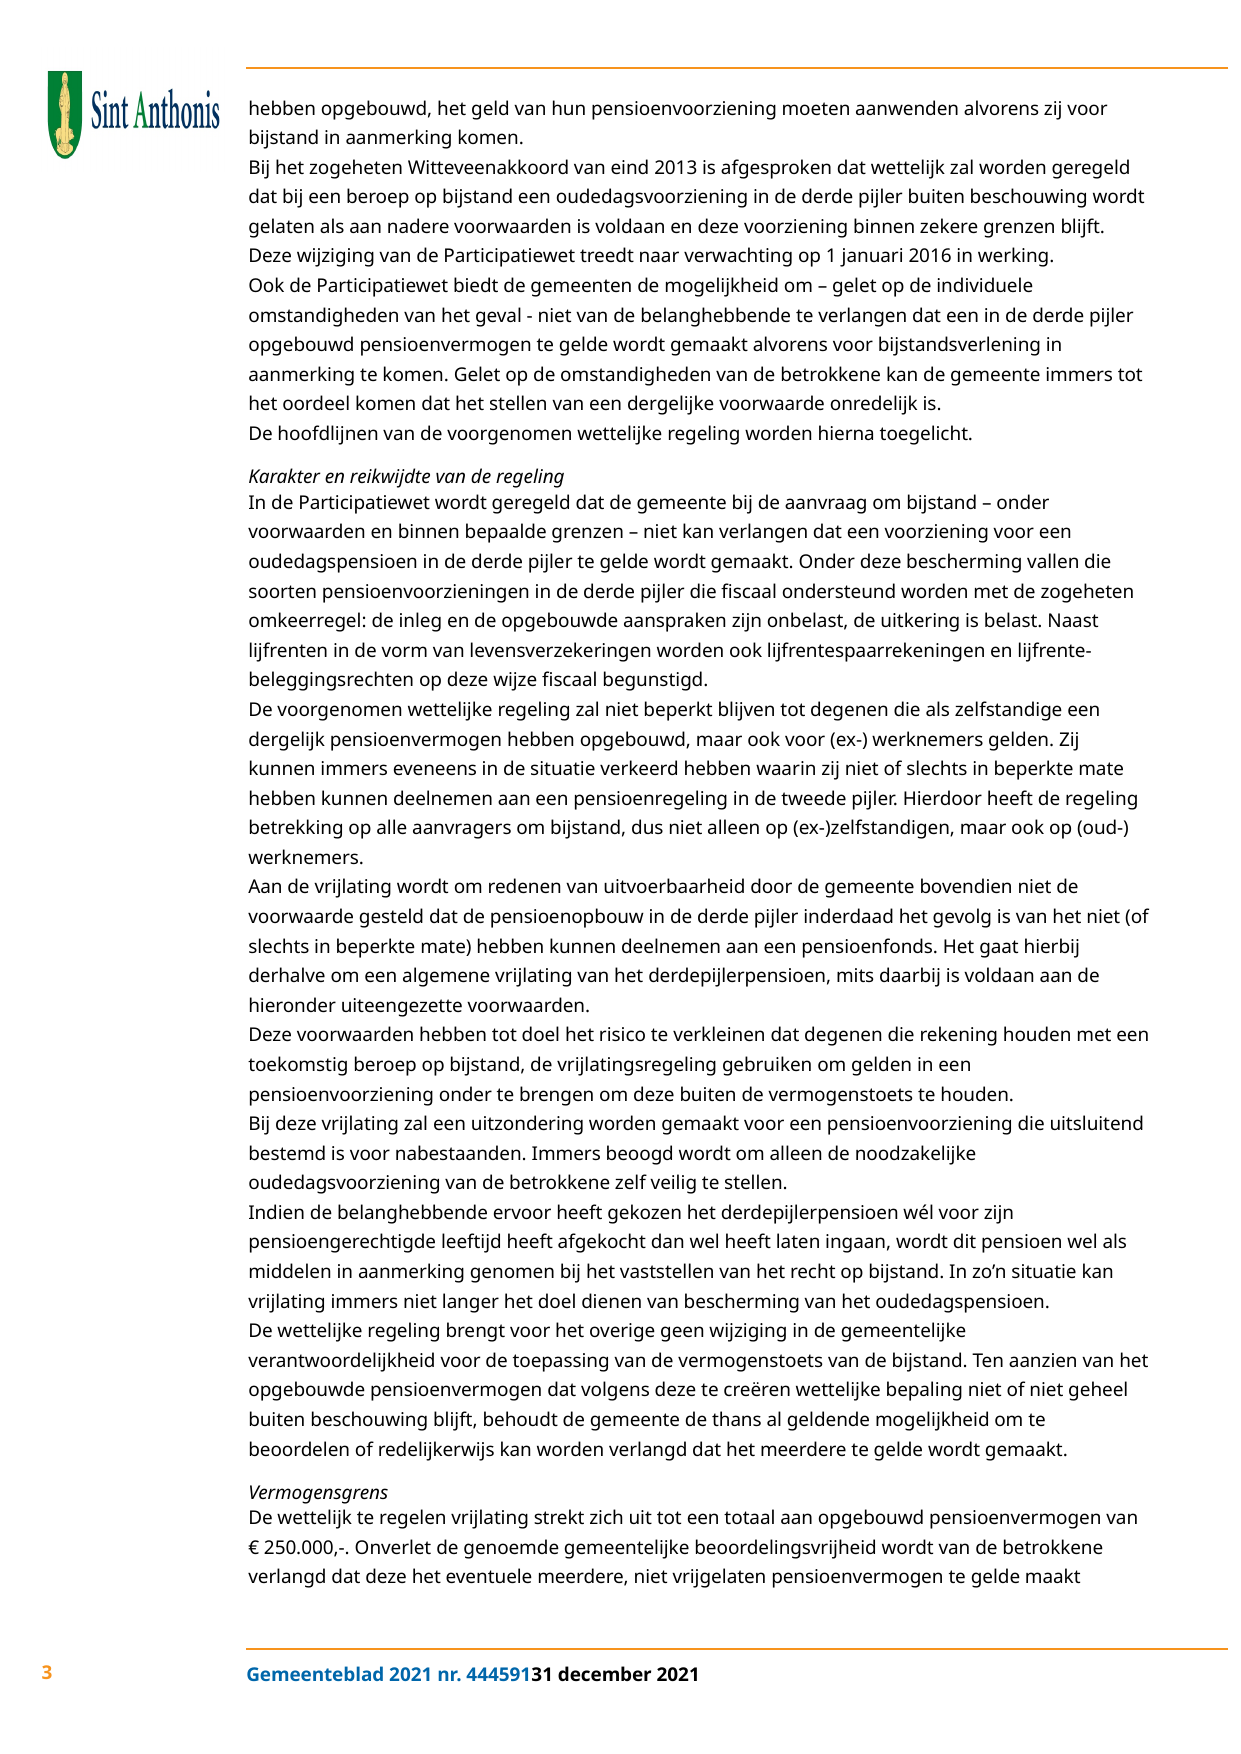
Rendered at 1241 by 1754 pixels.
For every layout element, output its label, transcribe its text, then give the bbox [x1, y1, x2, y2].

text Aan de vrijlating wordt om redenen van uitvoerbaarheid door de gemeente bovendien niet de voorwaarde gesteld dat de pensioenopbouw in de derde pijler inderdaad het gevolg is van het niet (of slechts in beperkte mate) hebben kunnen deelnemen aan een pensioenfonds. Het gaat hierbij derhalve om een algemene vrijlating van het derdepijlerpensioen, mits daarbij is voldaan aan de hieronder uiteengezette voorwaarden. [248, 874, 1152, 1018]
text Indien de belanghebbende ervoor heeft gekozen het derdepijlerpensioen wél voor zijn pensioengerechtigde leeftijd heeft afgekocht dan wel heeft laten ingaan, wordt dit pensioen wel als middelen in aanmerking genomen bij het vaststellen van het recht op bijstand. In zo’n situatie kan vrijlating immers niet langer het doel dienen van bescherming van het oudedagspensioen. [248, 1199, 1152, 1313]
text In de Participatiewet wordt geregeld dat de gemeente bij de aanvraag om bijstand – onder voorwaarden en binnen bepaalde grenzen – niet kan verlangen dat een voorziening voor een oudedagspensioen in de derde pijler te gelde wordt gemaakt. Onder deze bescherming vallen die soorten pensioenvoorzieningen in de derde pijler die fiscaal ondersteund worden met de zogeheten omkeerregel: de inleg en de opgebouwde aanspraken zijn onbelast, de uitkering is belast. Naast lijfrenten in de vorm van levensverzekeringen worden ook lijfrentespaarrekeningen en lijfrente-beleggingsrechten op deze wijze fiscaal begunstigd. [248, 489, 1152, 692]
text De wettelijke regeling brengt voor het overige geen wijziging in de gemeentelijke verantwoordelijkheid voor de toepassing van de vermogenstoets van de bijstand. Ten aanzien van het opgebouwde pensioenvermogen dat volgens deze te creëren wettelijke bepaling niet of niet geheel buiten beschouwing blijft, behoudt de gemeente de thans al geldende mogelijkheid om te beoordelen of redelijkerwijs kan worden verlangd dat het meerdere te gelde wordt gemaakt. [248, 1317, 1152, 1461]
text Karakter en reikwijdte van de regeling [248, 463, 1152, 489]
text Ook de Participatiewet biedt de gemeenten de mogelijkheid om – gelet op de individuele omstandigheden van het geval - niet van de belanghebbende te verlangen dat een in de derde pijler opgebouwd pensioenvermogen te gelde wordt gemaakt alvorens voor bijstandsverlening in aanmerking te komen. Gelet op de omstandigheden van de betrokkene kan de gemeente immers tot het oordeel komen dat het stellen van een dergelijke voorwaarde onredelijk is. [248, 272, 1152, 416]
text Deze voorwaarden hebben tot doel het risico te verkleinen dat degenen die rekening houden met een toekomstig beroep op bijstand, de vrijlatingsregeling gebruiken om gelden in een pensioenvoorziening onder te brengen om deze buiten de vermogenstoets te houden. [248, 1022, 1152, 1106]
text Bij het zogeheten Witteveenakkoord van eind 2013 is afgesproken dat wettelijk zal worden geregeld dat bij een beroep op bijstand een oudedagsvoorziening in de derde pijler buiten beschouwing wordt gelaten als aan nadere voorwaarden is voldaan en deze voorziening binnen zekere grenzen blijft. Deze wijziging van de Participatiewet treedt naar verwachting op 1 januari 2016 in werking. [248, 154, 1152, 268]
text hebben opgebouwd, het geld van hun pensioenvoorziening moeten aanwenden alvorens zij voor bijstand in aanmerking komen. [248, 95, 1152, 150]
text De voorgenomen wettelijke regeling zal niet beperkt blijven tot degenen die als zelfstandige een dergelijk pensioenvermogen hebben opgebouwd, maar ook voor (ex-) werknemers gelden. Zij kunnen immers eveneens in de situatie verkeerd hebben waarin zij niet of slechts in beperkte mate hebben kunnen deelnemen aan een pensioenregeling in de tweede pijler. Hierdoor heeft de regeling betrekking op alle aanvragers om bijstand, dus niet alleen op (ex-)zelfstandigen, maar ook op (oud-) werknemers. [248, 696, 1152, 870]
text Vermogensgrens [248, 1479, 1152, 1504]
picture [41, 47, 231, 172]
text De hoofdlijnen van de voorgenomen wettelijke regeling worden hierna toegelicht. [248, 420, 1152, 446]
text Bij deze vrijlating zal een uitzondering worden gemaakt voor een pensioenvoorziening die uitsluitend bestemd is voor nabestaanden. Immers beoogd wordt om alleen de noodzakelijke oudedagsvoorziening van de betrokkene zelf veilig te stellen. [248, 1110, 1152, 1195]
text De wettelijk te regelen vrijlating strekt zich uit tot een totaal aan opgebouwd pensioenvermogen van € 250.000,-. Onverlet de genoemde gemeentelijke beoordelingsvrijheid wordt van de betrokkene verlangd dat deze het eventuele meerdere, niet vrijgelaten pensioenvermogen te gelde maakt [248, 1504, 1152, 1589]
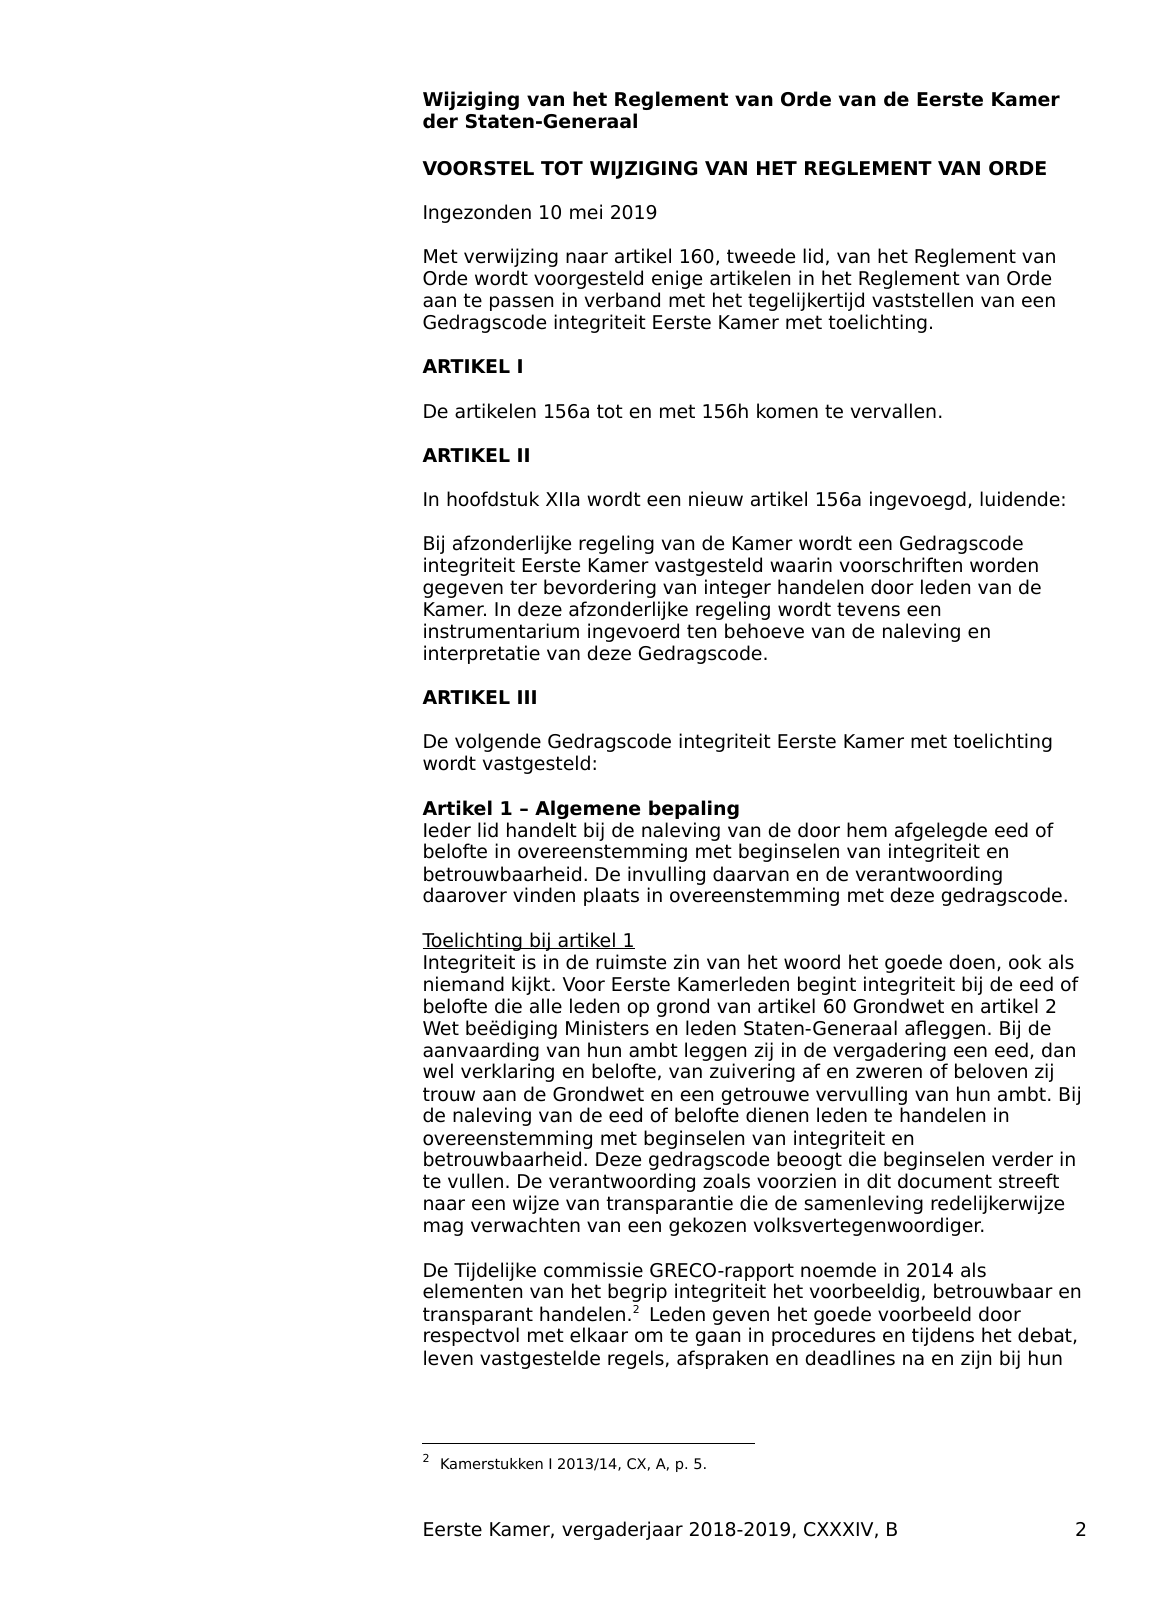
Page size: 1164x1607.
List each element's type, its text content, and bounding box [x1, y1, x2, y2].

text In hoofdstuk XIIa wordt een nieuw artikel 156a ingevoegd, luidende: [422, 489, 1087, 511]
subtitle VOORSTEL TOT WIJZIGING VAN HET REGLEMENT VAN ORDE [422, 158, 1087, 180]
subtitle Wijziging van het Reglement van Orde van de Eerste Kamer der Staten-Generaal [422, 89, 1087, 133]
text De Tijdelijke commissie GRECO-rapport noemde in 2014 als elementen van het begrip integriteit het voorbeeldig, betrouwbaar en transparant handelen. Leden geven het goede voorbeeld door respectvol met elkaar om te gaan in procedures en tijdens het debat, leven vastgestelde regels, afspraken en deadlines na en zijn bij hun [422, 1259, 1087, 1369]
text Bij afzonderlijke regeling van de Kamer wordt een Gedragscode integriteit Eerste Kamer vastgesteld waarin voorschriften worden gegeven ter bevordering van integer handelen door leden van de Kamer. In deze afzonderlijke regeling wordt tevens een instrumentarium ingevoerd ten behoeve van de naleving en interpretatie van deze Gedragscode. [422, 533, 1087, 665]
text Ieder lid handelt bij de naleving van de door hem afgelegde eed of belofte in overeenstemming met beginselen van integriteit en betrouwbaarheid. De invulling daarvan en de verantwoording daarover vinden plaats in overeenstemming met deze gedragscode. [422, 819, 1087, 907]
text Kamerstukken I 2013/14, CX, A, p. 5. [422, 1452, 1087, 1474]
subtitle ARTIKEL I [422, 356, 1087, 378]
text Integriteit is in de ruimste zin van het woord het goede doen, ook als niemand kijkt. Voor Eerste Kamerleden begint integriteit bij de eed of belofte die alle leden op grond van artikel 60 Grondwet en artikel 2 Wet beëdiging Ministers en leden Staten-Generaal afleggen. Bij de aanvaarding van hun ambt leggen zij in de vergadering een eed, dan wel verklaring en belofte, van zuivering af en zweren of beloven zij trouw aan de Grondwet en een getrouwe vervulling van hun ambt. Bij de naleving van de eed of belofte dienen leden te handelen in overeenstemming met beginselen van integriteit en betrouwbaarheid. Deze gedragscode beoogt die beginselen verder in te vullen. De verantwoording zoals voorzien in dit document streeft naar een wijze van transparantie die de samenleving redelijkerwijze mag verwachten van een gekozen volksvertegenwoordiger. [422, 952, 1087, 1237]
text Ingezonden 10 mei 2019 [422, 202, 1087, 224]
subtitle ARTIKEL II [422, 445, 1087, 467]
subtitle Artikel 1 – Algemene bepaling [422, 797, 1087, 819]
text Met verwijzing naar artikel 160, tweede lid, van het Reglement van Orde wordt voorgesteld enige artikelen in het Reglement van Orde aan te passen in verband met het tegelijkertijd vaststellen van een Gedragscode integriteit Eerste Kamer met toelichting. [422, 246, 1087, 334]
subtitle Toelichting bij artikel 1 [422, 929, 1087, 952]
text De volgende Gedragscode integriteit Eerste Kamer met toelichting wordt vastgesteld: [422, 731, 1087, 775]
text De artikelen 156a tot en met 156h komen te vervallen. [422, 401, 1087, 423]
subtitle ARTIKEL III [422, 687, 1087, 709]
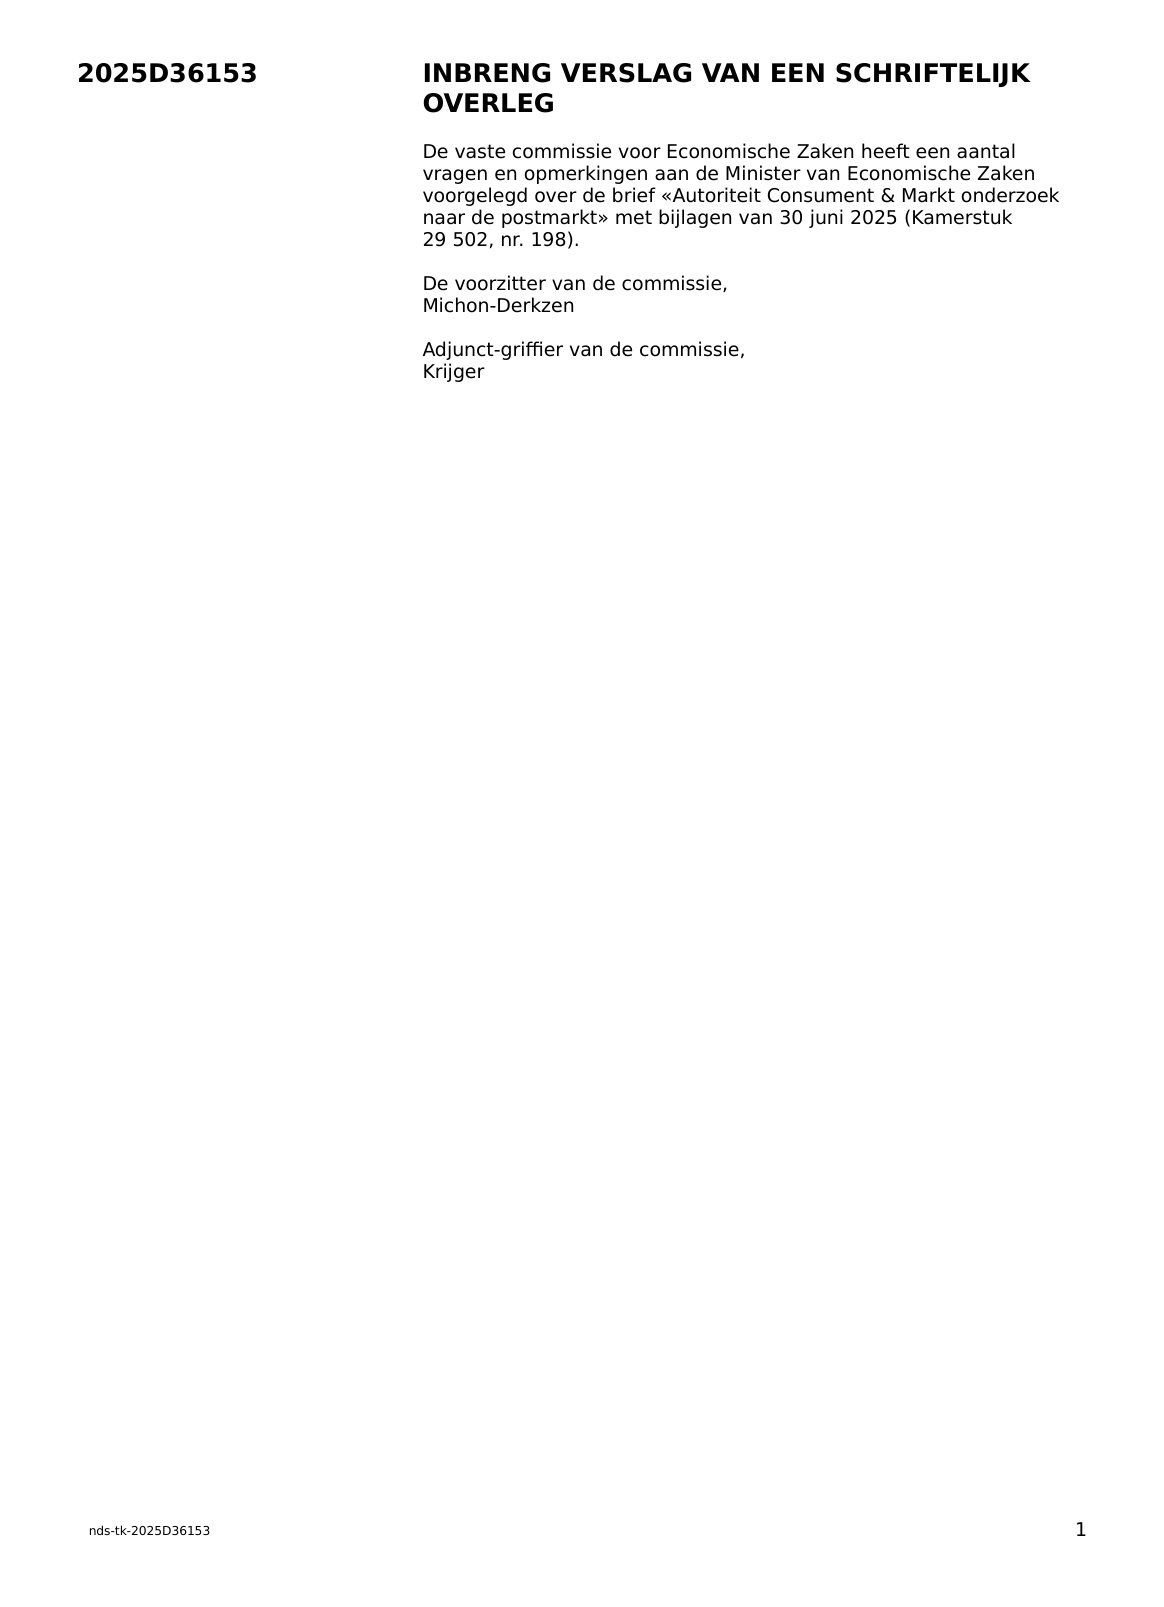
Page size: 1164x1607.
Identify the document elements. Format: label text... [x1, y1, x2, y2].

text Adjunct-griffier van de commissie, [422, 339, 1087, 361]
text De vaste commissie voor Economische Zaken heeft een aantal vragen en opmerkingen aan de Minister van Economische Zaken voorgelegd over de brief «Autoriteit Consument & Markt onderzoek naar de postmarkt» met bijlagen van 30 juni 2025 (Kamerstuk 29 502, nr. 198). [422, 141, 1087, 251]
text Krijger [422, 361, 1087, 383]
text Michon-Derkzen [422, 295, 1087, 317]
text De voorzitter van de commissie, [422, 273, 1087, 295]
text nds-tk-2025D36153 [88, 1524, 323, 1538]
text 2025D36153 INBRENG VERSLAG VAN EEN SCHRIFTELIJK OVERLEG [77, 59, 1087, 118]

Aim of the exercise
Because only one stretch of the records is wanted, please output the lines from the one holding "text De artikelen" through the one holding "text nds-tk-2025D36153 [88, 1524, 323, 1538]" exactly, both included, and leave every picture out.

Reply
text De artikelen 156a tot en met 156h komen te vervallen. [422, 401, 1087, 423]
subtitle ARTIKEL III [422, 687, 1087, 709]
Page size: 1164x1607.
Identify the document elements. Format: label text... [x1, y1, x2, y2].

text Adjunct-griffier van de commissie, [422, 339, 1087, 361]
text De vaste commissie voor Economische Zaken heeft een aantal vragen en opmerkingen aan de Minister van Economische Zaken voorgelegd over de brief «Autoriteit Consument & Markt onderzoek naar de postmarkt» met bijlagen van 30 juni 2025 (Kamerstuk 29 502, nr. 198). [422, 141, 1087, 251]
text Krijger [422, 361, 1087, 383]
text Michon-Derkzen [422, 295, 1087, 317]
text De voorzitter van de commissie, [422, 273, 1087, 295]
text nds-tk-2025D36153 [88, 1524, 323, 1538]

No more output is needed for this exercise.